In SQLstream this goal is accomplished by defining a stream that all such queries will listen for, and then creating a pump to feed that stream. The pump is based on the source views or queries. Using the pump compensates for the variations in the timing of the data sources; using the stream that the pump feeds ensures that every query listening for that stream sees the same set of results.
This procedure enables "processing pipelines," that is, modular sequences of processing steps, where each step performs filtering, aggregation, and transformation, providing its results to downstream consumers. Each such step thus also provides a public junction where its results may be
•inspected for debugging purposes,
•analyzed for SLAs or regulatory compliance,
•selected and repurposed by streams in other processing pipelines,
•pumped into sink adapters or other streams, or
•subscribed by JDBC client applications.
The simple example that follows illustrates the basic view/stream/pump mechanisms.
This example uses the BIDS and ASKS streams already defined in the SALES schema included in the First SQLstream s-Server distributed with the SQLstream product. The view matches bids and asks by ticker, shares, and price within a sliding ten-second window by using a windowed join. Such a join is a streaming join over a time-based subset of records ordered by row timestamps.
CREATE OR REPLACE VIEW "MatchBidsAndAsksView"
DESCRIPTION 'match bids and asks for each ticker over a 10-second time window' AS
B.ROWTIME AS "bidTime",
A.ROWTIME AS "askTime",
B."shares" AS "bidShares",
B."price" AS "bidPrice",
A."shares" AS "askShares",
A."price" AS "askPrice"
FROM SALES.BIDS OVER (RANGE INTERVAL '10' SECOND PRECEDING) AS B
JOIN SALES.ASKS AS A ON A."ticker" = B."ticker"

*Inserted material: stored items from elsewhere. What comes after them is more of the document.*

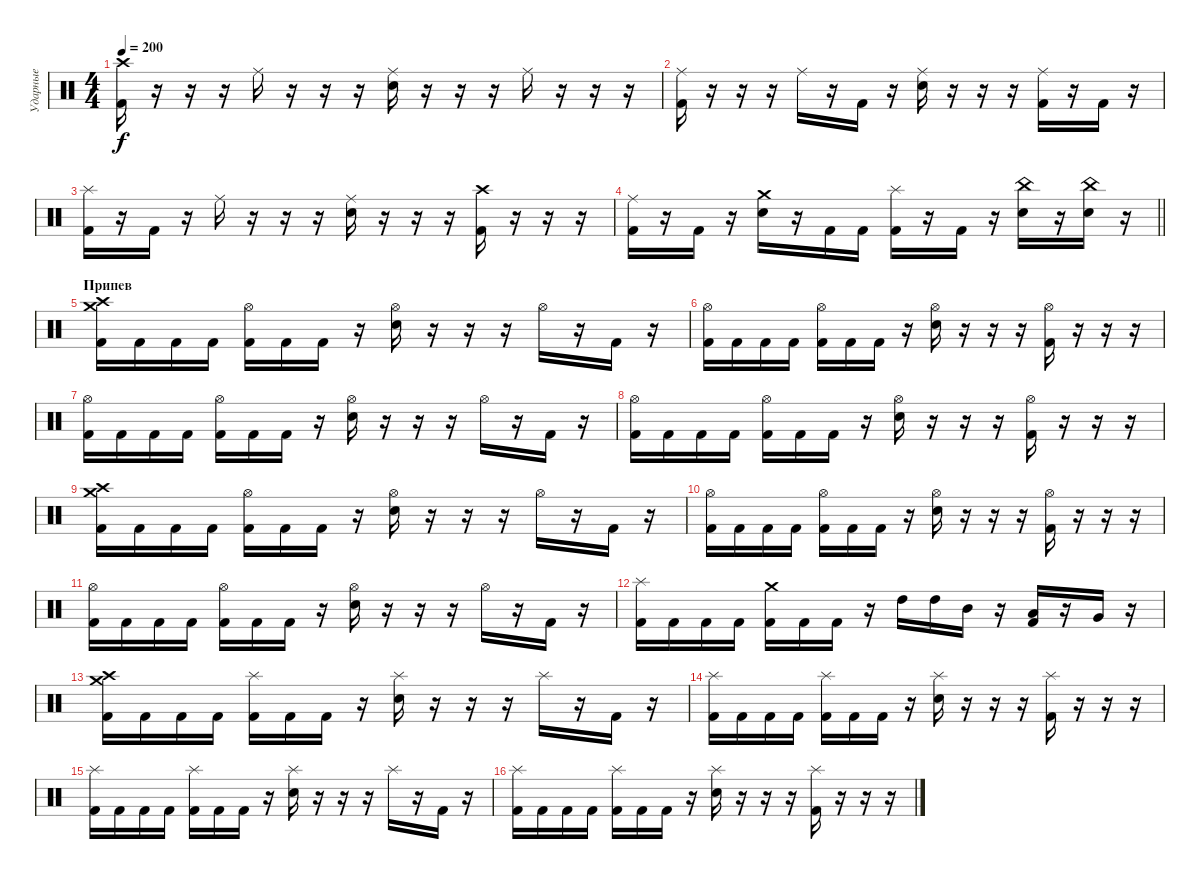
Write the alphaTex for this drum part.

\track ("Ударные" "Ударные") {instrument percussion}
\staff {score}
\articulation defaults
\ts (4 4)
\tempo 200
\clef neutral
\ks c
("Kick (hit) 2" "Crash high (hit)").16{dy f} r.16 r.16 r.16 "Ride (middle)".16 r.16 r.16 r.16 ("Electric Snare (hit)" "Ride (middle)").16 r.16 r.16 r.16 "Ride (middle)".16 r.16 r.16 r.16 |
("Kick (hit) 2" "Ride (middle)").16 r.16 r.16 r.16 "Ride (middle)".16 r.16 "Kick (hit) 2".16 r.16 ("Electric Snare (hit)" "Ride (middle)").16 r.16 r.16 r.16 ("Kick (hit) 2" "Ride (middle)").16 r.16 "Kick (hit) 2".16 r.16 |
("Kick (hit) 2" "Splash (hit)").16 r.16 "Kick (hit) 2".16 r.16 "Ride (middle)".16 r.16 r.16 r.16 ("Electric Snare (hit)" "Ride (middle)").16 r.16 r.16 r.16 ("Kick (hit) 2" "Crash high (hit)").16 r.16 r.16 r.16 |
\barLineRight lightlight
("Kick (hit) 2" "Ride (middle)").16 r.16 "Kick (hit) 2".16 r.16 ("Electric Snare (hit)" "Crash medium (hit)").16 r.16 "Kick (hit) 2".16 "Kick (hit) 2".16 ("Kick (hit) 2" "Splash (hit)").16 r.16 "Kick (hit) 2".16 r.16 ("Electric Snare (hit)" "China (hit)").16 r.16 ("Electric Snare (hit)" "China (hit)").16 r.16 |
\section ("" "Припев")
("Kick (hit) 2" "Crash high (hit)" "Crash medium (hit)").16 "Kick (hit) 2".16 "Kick (hit) 2".16 "Kick (hit) 2".16 ("Kick (hit) 2" "Hi-Hat (open)").16 "Kick (hit) 2".16 "Kick (hit) 2".16 r.16 ("Electric Snare (hit)" "Hi-Hat (open)").16 r.16 r.16 r.16 "Hi-Hat (open)".16 r.16 "Kick (hit) 2".16 r.16 |
("Kick (hit) 2" "Hi-Hat (open)").16 "Kick (hit) 2".16 "Kick (hit) 2".16 "Kick (hit) 2".16 ("Kick (hit) 2" "Hi-Hat (open)").16 "Kick (hit) 2".16 "Kick (hit) 2".16 r.16 ("Electric Snare (hit)" "Hi-Hat (open)").16 r.16 r.16 r.16 ("Kick (hit) 2" "Hi-Hat (open)").16 r.16 r.16 r.16 |
("Kick (hit) 2" "Hi-Hat (open)").16 "Kick (hit) 2".16 "Kick (hit) 2".16 "Kick (hit) 2".16 ("Kick (hit) 2" "Hi-Hat (open)").16 "Kick (hit) 2".16 "Kick (hit) 2".16 r.16 ("Electric Snare (hit)" "Hi-Hat (open)").16 r.16 r.16 r.16 "Hi-Hat (open)".16 r.16 "Kick (hit) 2".16 r.16 |
("Kick (hit) 2" "Hi-Hat (open)").16 "Kick (hit) 2".16 "Kick (hit) 2".16 "Kick (hit) 2".16 ("Kick (hit) 2" "Hi-Hat (open)").16 "Kick (hit) 2".16 "Kick (hit) 2".16 r.16 ("Electric Snare (hit)" "Hi-Hat (open)").16 r.16 r.16 r.16 ("Kick (hit) 2" "Hi-Hat (open)").16 r.16 r.16 r.16 |
("Kick (hit) 2" "Crash high (hit)" "Crash medium (hit)").16 "Kick (hit) 2".16 "Kick (hit) 2".16 "Kick (hit) 2".16 ("Kick (hit) 2" "Hi-Hat (open)").16 "Kick (hit) 2".16 "Kick (hit) 2".16 r.16 ("Electric Snare (hit)" "Hi-Hat (open)").16 r.16 r.16 r.16 "Hi-Hat (open)".16 r.16 "Kick (hit) 2".16 r.16 |
("Kick (hit) 2" "Hi-Hat (open)").16 "Kick (hit) 2".16 "Kick (hit) 2".16 "Kick (hit) 2".16 ("Kick (hit) 2" "Hi-Hat (open)").16 "Kick (hit) 2".16 "Kick (hit) 2".16 r.16 ("Electric Snare (hit)" "Hi-Hat (open)").16 r.16 r.16 r.16 ("Kick (hit) 2" "Hi-Hat (open)").16 r.16 r.16 r.16 |
("Kick (hit) 2" "Hi-Hat (open)").16 "Kick (hit) 2".16 "Kick (hit) 2".16 "Kick (hit) 2".16 ("Kick (hit) 2" "Hi-Hat (open)").16 "Kick (hit) 2".16 "Kick (hit) 2".16 r.16 ("Electric Snare (hit)" "Hi-Hat (open)").16 r.16 r.16 r.16 "Hi-Hat (open)".16 r.16 "Kick (hit) 2".16 r.16 |
("Kick (hit) 2" "Splash (hit)").16 "Kick (hit) 2".16 "Kick (hit) 2".16 "Kick (hit) 2".16 ("Kick (hit) 2" "Crash medium (hit)").16 "Kick (hit) 2".16 "Kick (hit) 2".16 r.16 "High Tom (hit)".16 "High Tom (hit)".16 "Mid Tom (hit)".16 r.16 ("Kick (hit) 2" "Low Tom (hit)").16 r.16 "Very Low Tom (hit)".16 r.16 |
("Kick (hit) 2" "Crash high (hit)" "Crash medium (hit)").16 "Kick (hit) 2".16 "Kick (hit) 2".16 "Kick (hit) 2".16 ("Kick (hit) 2" "Splash (hit)").16 "Kick (hit) 2".16 "Kick (hit) 2".16 r.16 ("Electric Snare (hit)" "Splash (hit)").16 r.16 r.16 r.16 "Splash (hit)".16 r.16 "Kick (hit) 2".16 r.16 |
("Kick (hit) 2" "Splash (hit)").16 "Kick (hit) 2".16 "Kick (hit) 2".16 "Kick (hit) 2".16 ("Kick (hit) 2" "Splash (hit)").16 "Kick (hit) 2".16 "Kick (hit) 2".16 r.16 ("Electric Snare (hit)" "Splash (hit)").16 r.16 r.16 r.16 ("Kick (hit) 2" "Splash (hit)").16 r.16 r.16 r.16 |
("Kick (hit) 2" "Splash (hit)").16 "Kick (hit) 2".16 "Kick (hit) 2".16 "Kick (hit) 2".16 ("Kick (hit) 2" "Splash (hit)").16 "Kick (hit) 2".16 "Kick (hit) 2".16 r.16 ("Electric Snare (hit)" "Splash (hit)").16 r.16 r.16 r.16 "Splash (hit)".16 r.16 "Kick (hit) 2".16 r.16 |
("Kick (hit) 2" "Splash (hit)").16 "Kick (hit) 2".16 "Kick (hit) 2".16 "Kick (hit) 2".16 ("Kick (hit) 2" "Splash (hit)").16 "Kick (hit) 2".16 "Kick (hit) 2".16 r.16 ("Electric Snare (hit)" "Splash (hit)").16 r.16 r.16 r.16 ("Kick (hit) 2" "Splash (hit)").16 r.16 r.16 r.16

AND A."shares" = B."shares"
AND A."price" = B."price";
After defining the view, you create a related stream to receive the view results and a pump to insert those results into that stream, as follows:
CREATE STREAM "MatchBidsAndAsks"
CREATE PUMP "MatchBidsAndAsksPump" STARTED as
INSERT INTO "MatchBidsAndAsks" SELECT * FROM "MatchBidsAndAsksView";
At this point, any queries created using "MatchBidsAndAsks" will all see the same data stream.
A conventional SQL application prepares and executes a statement with a SELECT... query and iterates through the returned result set until end of fetch is detected, when there are no more rows to return. The application then returns to doing something else.
In the SQLstream context of streaming data and queries that run forever, there is no obvious "end of fetch". Instead, the "get next row" call (i.e., ResultSet.next() for JDBC) blocks within the SQLstream client driver until one of the following two possibilities occurs:
•The next row becomes available, which could be a very long wait for some data sources, or
•The statement is deliberately closed by the client application.
In the latter case, the application is in effect "un-subscribing" from the stream. For more detailed discussion of preventing blocking, see the topic JDBC driver in the SQLstream s-Server Integration Guide.
SQLstream extends the JDBC API to offer millisecond-granularity timeout intervals to make ResultSet polling more practical for an application that wants to remain responsive to other events.